After locating the line that contains "Given the image", quote it and all lines after it through the end of the entries, and nothing more. Pictures stay out.

|---|

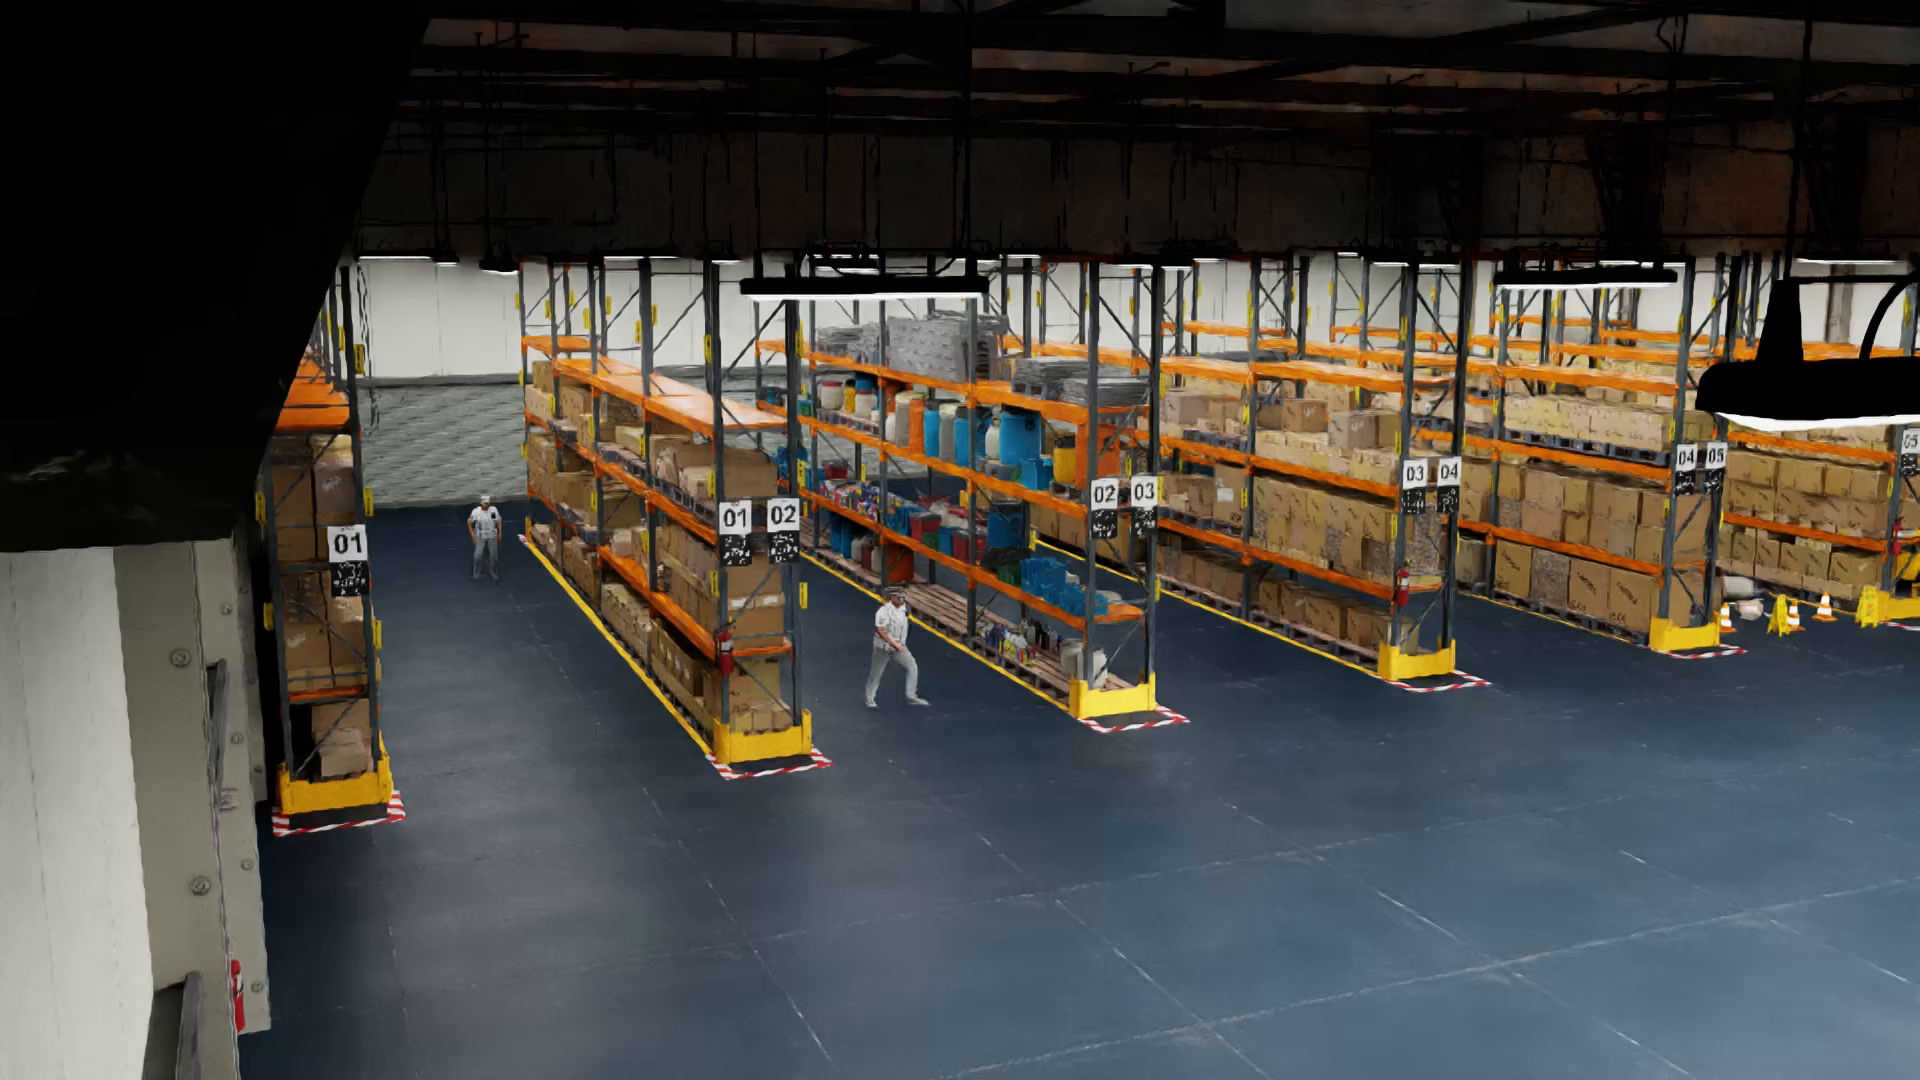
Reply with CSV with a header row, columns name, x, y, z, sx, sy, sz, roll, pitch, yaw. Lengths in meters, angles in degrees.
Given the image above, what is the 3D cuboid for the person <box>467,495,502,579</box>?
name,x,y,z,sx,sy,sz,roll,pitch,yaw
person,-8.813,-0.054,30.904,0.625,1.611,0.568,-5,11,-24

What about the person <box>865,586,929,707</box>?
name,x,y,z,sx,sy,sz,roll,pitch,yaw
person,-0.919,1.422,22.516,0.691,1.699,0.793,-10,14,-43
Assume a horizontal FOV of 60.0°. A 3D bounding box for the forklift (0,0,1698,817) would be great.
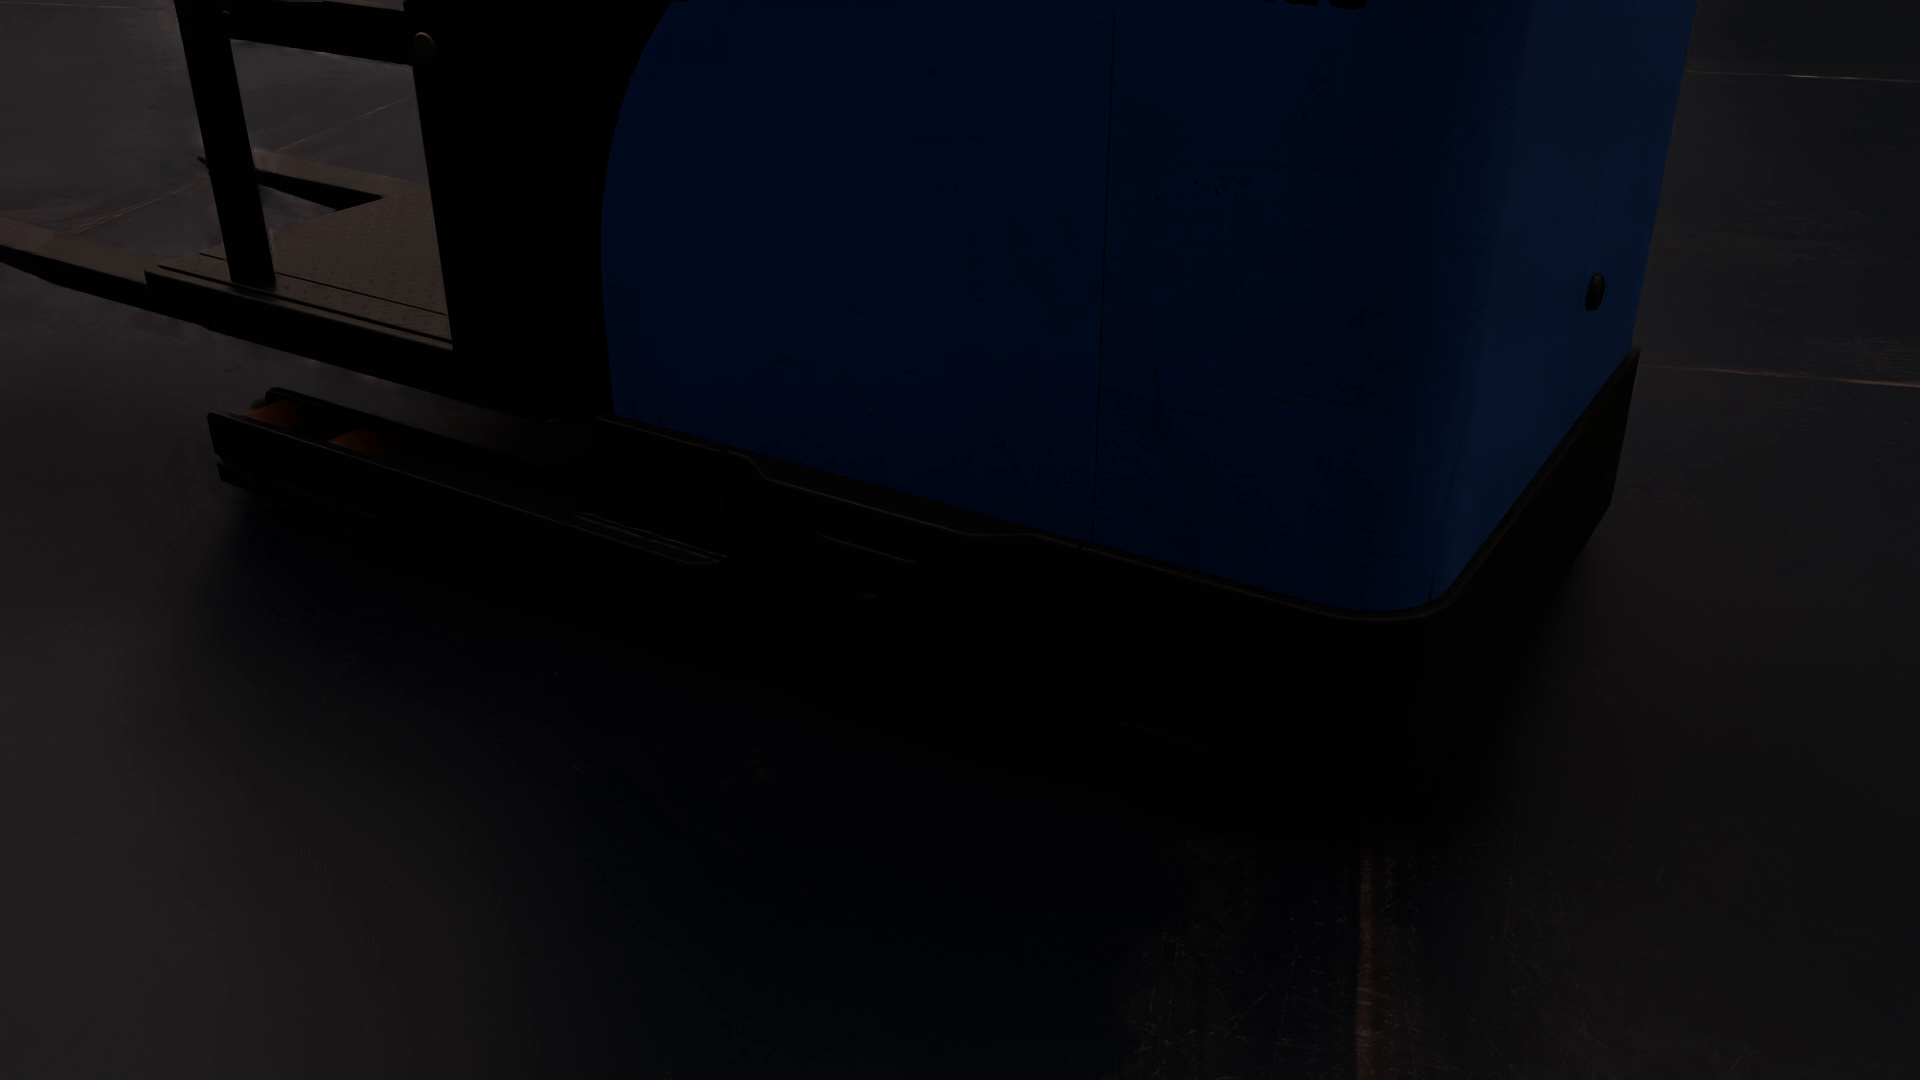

|---|

▶ **Solution**
Given the image above, what is the 3D cuboid for the person <box>467,495,502,579</box>?
name,x,y,z,sx,sy,sz,roll,pitch,yaw
person,-8.813,-0.054,30.904,0.625,1.611,0.568,-5,11,-24

What about the person <box>865,586,929,707</box>?
name,x,y,z,sx,sy,sz,roll,pitch,yaw
person,-0.919,1.422,22.516,0.691,1.699,0.793,-10,14,-43
Assume a horizontal FOV of 60.0°. A 3D bounding box for the forklift (0,0,1698,817) would be great.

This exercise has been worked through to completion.